How to counter the menacingly authoritarian tendencies of modern football

It's enough to test the most passionate fan’s devotion.

“Absurd” is a word that crops up increasingly frequently the more you look at modern football. Recently, it was used by two rival clubs in an extraordinary joint statement to describe the actions of the police. The statement came in the midst of a row over arrangements for the upcoming Tyne-Wear derby between Newcastle United and Sunderland.

For years, both clubs have pushed for later kick-off times so that there is more chance of the games being broadcast live, and because supporters favour later kick-offs (note the order of priority there). But Northumbria Police have rejected every request, confirming in writing to the Premier League in January last year that it would not be prepared to police derby matches with kick-off times later than 1.30pm.

Ahead of the latest derby, due to take place on 1 February at Newcastle’s St James’s Park ground, the police had also applied pressure for the game to be designated a bubble match – which means no independent transport to the game is allowed for away fans. Supporter organisations objected to this blanket criminalisation of fans, prompting Northumbria Police to issue a statement saying: “Northumbria Police cannot direct changes to kick-off times or control the issue of tickets and how supporters travel to matches.”

The bubble match had already prompted a strong display of unity between both sets of fans, who are fierce rivals. The police statement led to the two clubs themselves issuing a strongly-worded statement, declaring themselves “surprised and disappointed” with the “false and absurd” claim the police made. The clubs said they had “considerable written correspondence” to back their assertion. As result, the statement said: “Newcastle and Sunderland will now inform the Premier League that all future fixtures between the clubs will be available for kick-off times to suit the clubs, the League and their broadcast partners, and will expect Northumbria Police to police these games.”

The clubs also threw out the bubble restrictions imposed on travelling supporters, a move which the police, having said they “do not control the issue of tickets and how supporters travel to matches” can do little about. If there is trouble at the game, expect much to be made of it, and much rerunning of the infamous picture of the Newcastle fan punching a police horse during violent scenes following the last derby at St James’s.
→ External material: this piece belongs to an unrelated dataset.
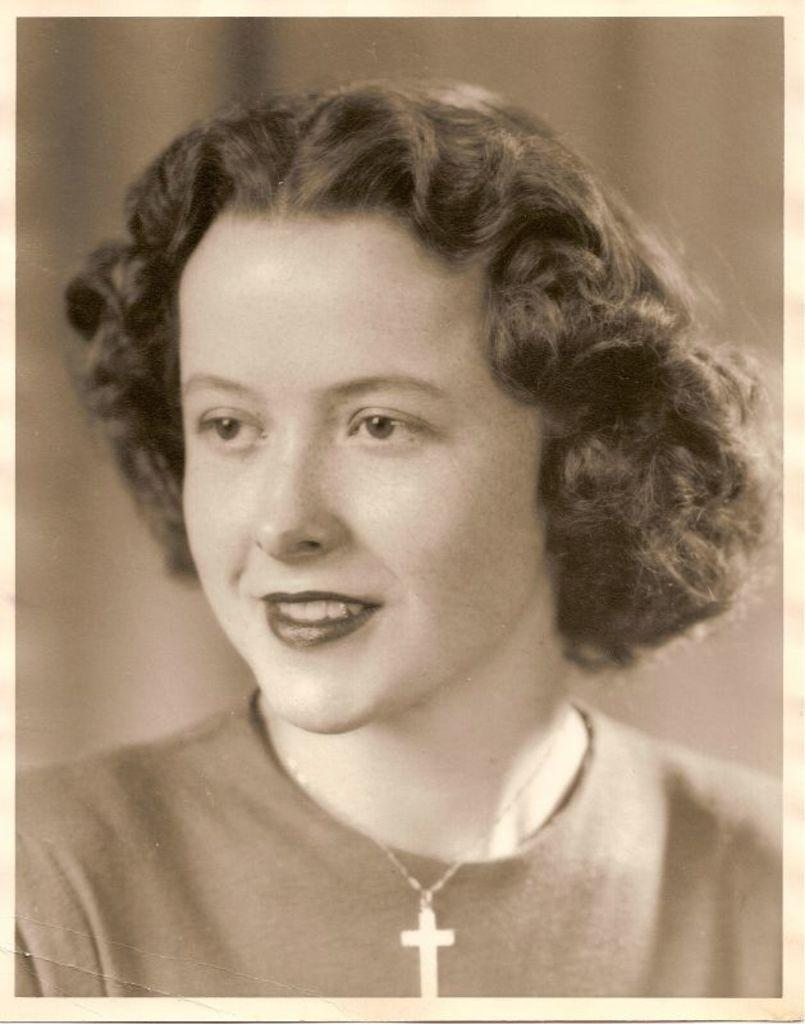What is the main subject in the foreground of the image? There is a woman in the foreground of the image. Can you describe the woman's hairstyle? The woman has short hair. What type of clothing is the woman wearing? The woman is wearing a T-shirt. What accessory is the woman wearing around her neck? The woman is wearing a cross symbol locket. What condition is the trick story in the image? There is no trick story present in the image.

Expect less to be made of the fact that, of the 96 people arrested on the day of that game, only six had been to the game. I’ll be writing more about bubble matches and the blanket criminalisation of football fans in an upcoming blog.

In a blog in November last year, I wrote about the propensity of football clubs to ban news reporters when they objected to what they wrote. Last weekend, Swindon Town banned the Swindon Advertiser after the paper’s chief sports writer revealed some information that was already in the public domain. The paper’s Sam Morshead had been tipped off that striker Nile Ranger was due to play in the game against Peterborough, but had agreed not to use the information ahead of the match. But when he saw a tweet by a Swindon fan that showed Rangers shirt hanging in the dressing room, he shared the news on his own feed, shortly before Ranger himself confirmed he was playing on his own Instagram account, which has over 13,000 followers.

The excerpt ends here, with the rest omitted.